When FePEST runs in Prediction mode the task is to identify the best or worst case scenarios. The definition of what best/worst is, depends strictly on the conceptual model. A worst-case scenario analysis could be the parameter estimation, which drives to the maximum concentration at a specific river section, maximum pressure on a open-cast walls, etc.
KEYWORDS: Predictive Analysis
FePEST can run the entire Monte Carlo workflow with several levels of flexibility. Either the analysis is evaluated with a not necesary calibrated model, so-called Pre-Calibration Monte Carlo Analysis. Or the model has been already calibrated and a Post-Calibration Monte Carlo Analysis can take full advantage of the regularization knowledge (e.g. reduced number of problem dimensions).
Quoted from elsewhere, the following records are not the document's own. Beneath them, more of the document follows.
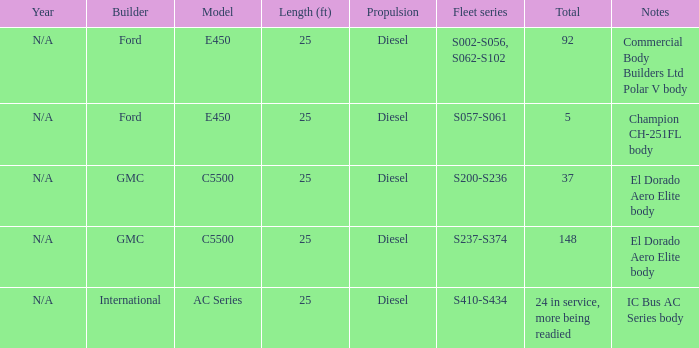How many global constructors are there? 24 in service, more being readied. 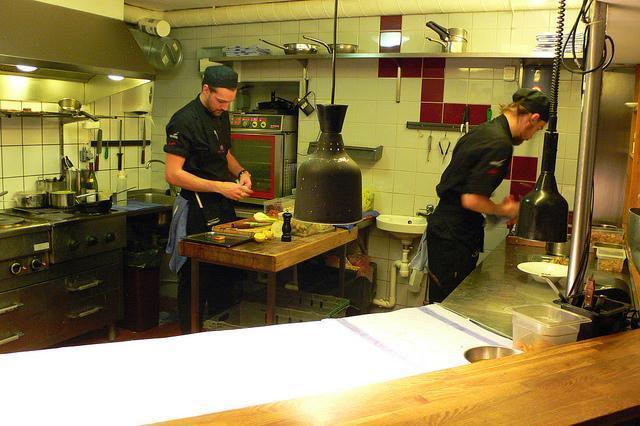How many dining tables can be seen?
Give a very brief answer. 1. How many ovens are visible?
Give a very brief answer. 2. How many people are there?
Give a very brief answer. 2. How many red umbrellas are there?
Give a very brief answer. 0. 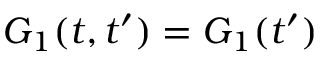<formula> <loc_0><loc_0><loc_500><loc_500>G _ { 1 } ( t , t ^ { \prime } ) = G _ { 1 } ( t ^ { \prime } )</formula> 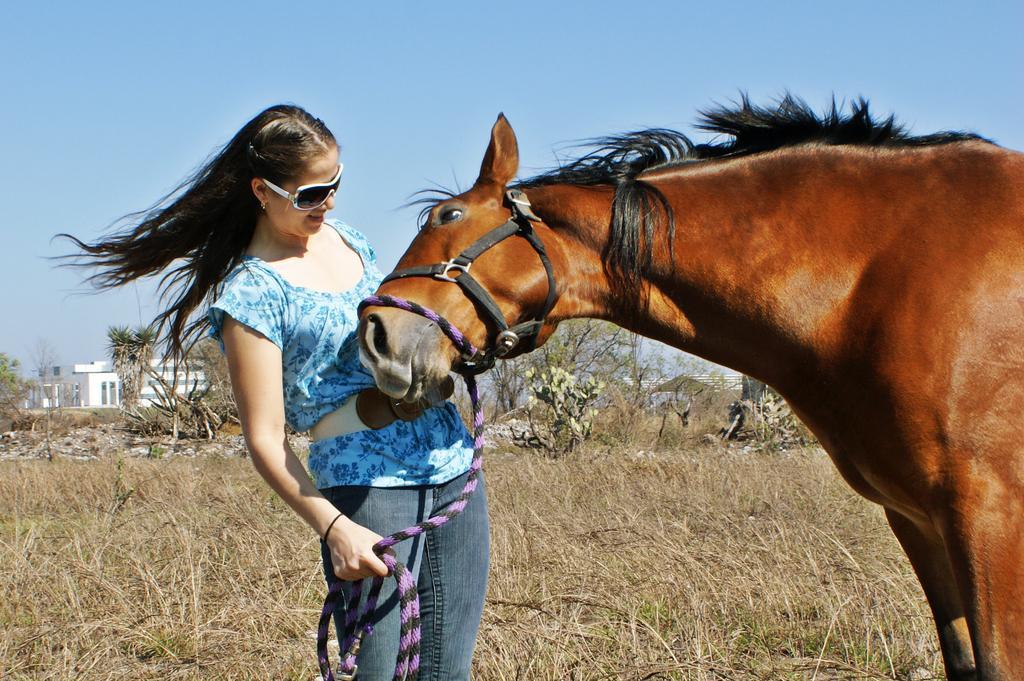Please provide a concise description of this image. In the image we can see there is a woman standing and she is holding rope in her hand which is tied to the horse. The horse is standing on the ground and the ground is covered with dry plants. Behind there is building and there are trees. There is a clear sky. 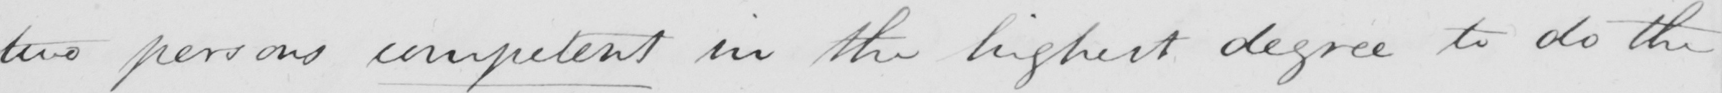What is written in this line of handwriting? two persons competent in the highest degree to do the 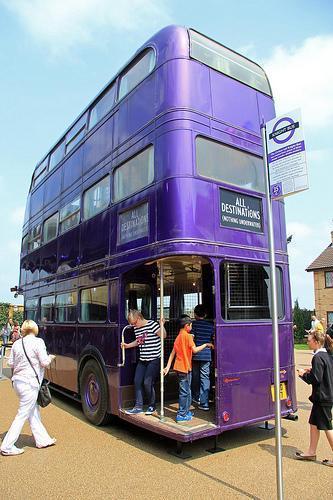How many boys are on the bus?
Give a very brief answer. 2. How many girls are on the bus?
Give a very brief answer. 1. 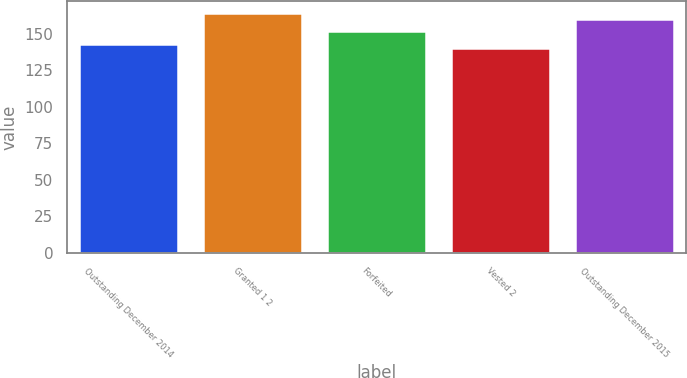<chart> <loc_0><loc_0><loc_500><loc_500><bar_chart><fcel>Outstanding December 2014<fcel>Granted 1 2<fcel>Forfeited<fcel>Vested 2<fcel>Outstanding December 2015<nl><fcel>143.07<fcel>164.23<fcel>152.06<fcel>140.29<fcel>159.82<nl></chart> 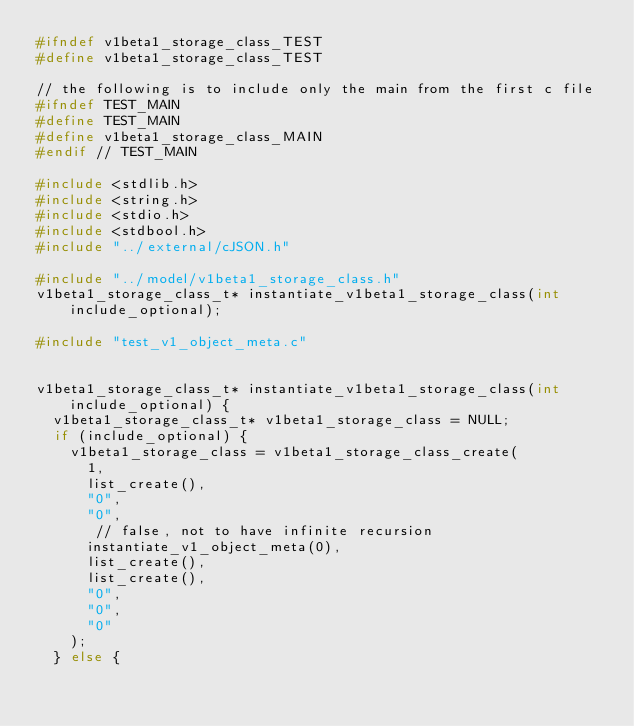<code> <loc_0><loc_0><loc_500><loc_500><_C_>#ifndef v1beta1_storage_class_TEST
#define v1beta1_storage_class_TEST

// the following is to include only the main from the first c file
#ifndef TEST_MAIN
#define TEST_MAIN
#define v1beta1_storage_class_MAIN
#endif // TEST_MAIN

#include <stdlib.h>
#include <string.h>
#include <stdio.h>
#include <stdbool.h>
#include "../external/cJSON.h"

#include "../model/v1beta1_storage_class.h"
v1beta1_storage_class_t* instantiate_v1beta1_storage_class(int include_optional);

#include "test_v1_object_meta.c"


v1beta1_storage_class_t* instantiate_v1beta1_storage_class(int include_optional) {
  v1beta1_storage_class_t* v1beta1_storage_class = NULL;
  if (include_optional) {
    v1beta1_storage_class = v1beta1_storage_class_create(
      1,
      list_create(),
      "0",
      "0",
       // false, not to have infinite recursion
      instantiate_v1_object_meta(0),
      list_create(),
      list_create(),
      "0",
      "0",
      "0"
    );
  } else {</code> 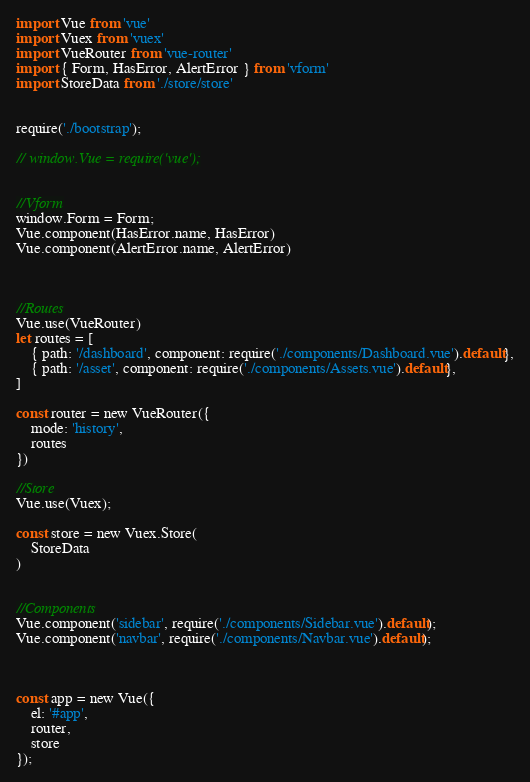Convert code to text. <code><loc_0><loc_0><loc_500><loc_500><_JavaScript_>import Vue from 'vue'
import Vuex from 'vuex'
import VueRouter from 'vue-router'
import { Form, HasError, AlertError } from 'vform'
import StoreData from './store/store'


require('./bootstrap');

// window.Vue = require('vue');


//Vform
window.Form = Form;
Vue.component(HasError.name, HasError)
Vue.component(AlertError.name, AlertError)



//Routes
Vue.use(VueRouter)
let routes = [
    { path: '/dashboard', component: require('./components/Dashboard.vue').default},
    { path: '/asset', component: require('./components/Assets.vue').default},
]

const router = new VueRouter({
    mode: 'history',
    routes
})

//Store
Vue.use(Vuex);

const store = new Vuex.Store(
    StoreData
)


//Components
Vue.component('sidebar', require('./components/Sidebar.vue').default);
Vue.component('navbar', require('./components/Navbar.vue').default);



const app = new Vue({
    el: '#app',
    router,
    store
});
</code>

Sometimes a specific observation set (or groups) influences strongly the estimation (i.e. calibration) of parameter sets. FePEST provides the newly-implemented Pareto operation mode. Here you can understand the contribution of this specific observation group to total measurement objective function, e.g. what would it happen if the calibrated parameters if this groups is more /less calibrated.
Iterative Ensemble Smoother
The Iterative Ensemble Smoother (IES) is a recent addition to the PEST++ software. This working mode of PEST++ works significantly different than the classic gradient-based Gauss-Levenberg-Marquardt search method using in PEST / PEST++-GLM. Instead of a single model, a specified number (e.g. 100) different models are created by randomizing the parameter values according to the specified prior uncertainty range. During each iteration, all these ensemble members are than calibrated simultaneously, minimizing the measurement object while keeping as close as possible to the individual (random) initial parameter value. The first major benefits of this method is that the resulting calibrated ensembles inherently contain information about the parameter uncertainty in a Bayesian sense. The second major benefit is that the gradient vector (Jacobian Matrix) can be estimated from correlating the behavior of the ensemble members instead of using numerical differentiation as in traditional GLM. This makes the process a lot more robust against model instabilities, and reduces the numerical effort significantly (up to 2 orders of magnitude).
Drawing sensitivity maps
Run PEST under Estimation mode and compute the Jacobian matrix only (Termination criteria) in Problem Settings dialog.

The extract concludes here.